• TO DO: Within the listing below, locate all lines containing the word "screen". Copy each one.

• EXERCISE MATERIALS:
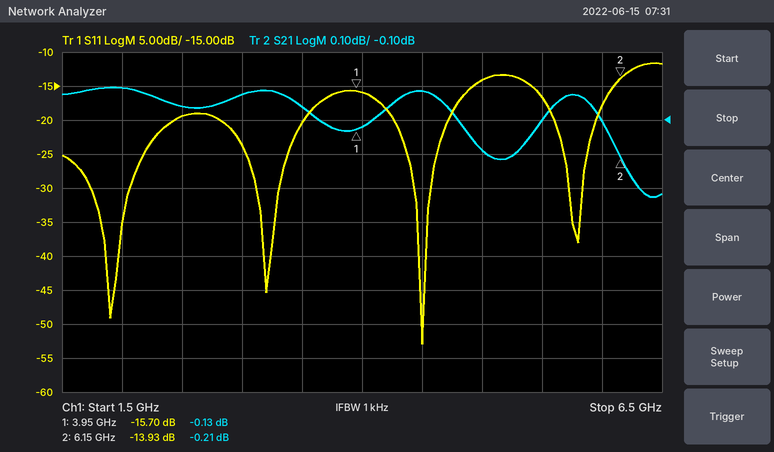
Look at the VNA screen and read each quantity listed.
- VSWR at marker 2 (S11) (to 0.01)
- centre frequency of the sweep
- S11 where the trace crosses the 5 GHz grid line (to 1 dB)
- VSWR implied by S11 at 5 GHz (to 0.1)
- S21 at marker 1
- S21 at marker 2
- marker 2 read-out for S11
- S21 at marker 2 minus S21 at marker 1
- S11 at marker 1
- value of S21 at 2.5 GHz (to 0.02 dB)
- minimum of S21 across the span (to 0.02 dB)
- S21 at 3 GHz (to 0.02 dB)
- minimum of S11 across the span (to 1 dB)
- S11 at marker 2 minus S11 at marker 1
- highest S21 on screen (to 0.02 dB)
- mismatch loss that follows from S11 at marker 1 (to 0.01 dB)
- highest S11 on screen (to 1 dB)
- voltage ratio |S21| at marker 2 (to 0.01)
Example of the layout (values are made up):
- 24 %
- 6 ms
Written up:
- 1.50
- 4 GHz
- -14 dB
- 1.5
- -0.13 dB
- -0.21 dB
- -13.93 dB
- -0.08 dB
- -15.70 dB
- -0.06 dB
- -0.32 dB
- -0.02 dB
- -53 dB
- 1.77 dB
- 0.00 dB
- 0.12 dB
- -12 dB
- 0.98

• COMPLETED TASK:
Look at the VNA screen and read each quantity listed.
- highest S21 on screen (to 0.02 dB)
- highest S11 on screen (to 1 dB)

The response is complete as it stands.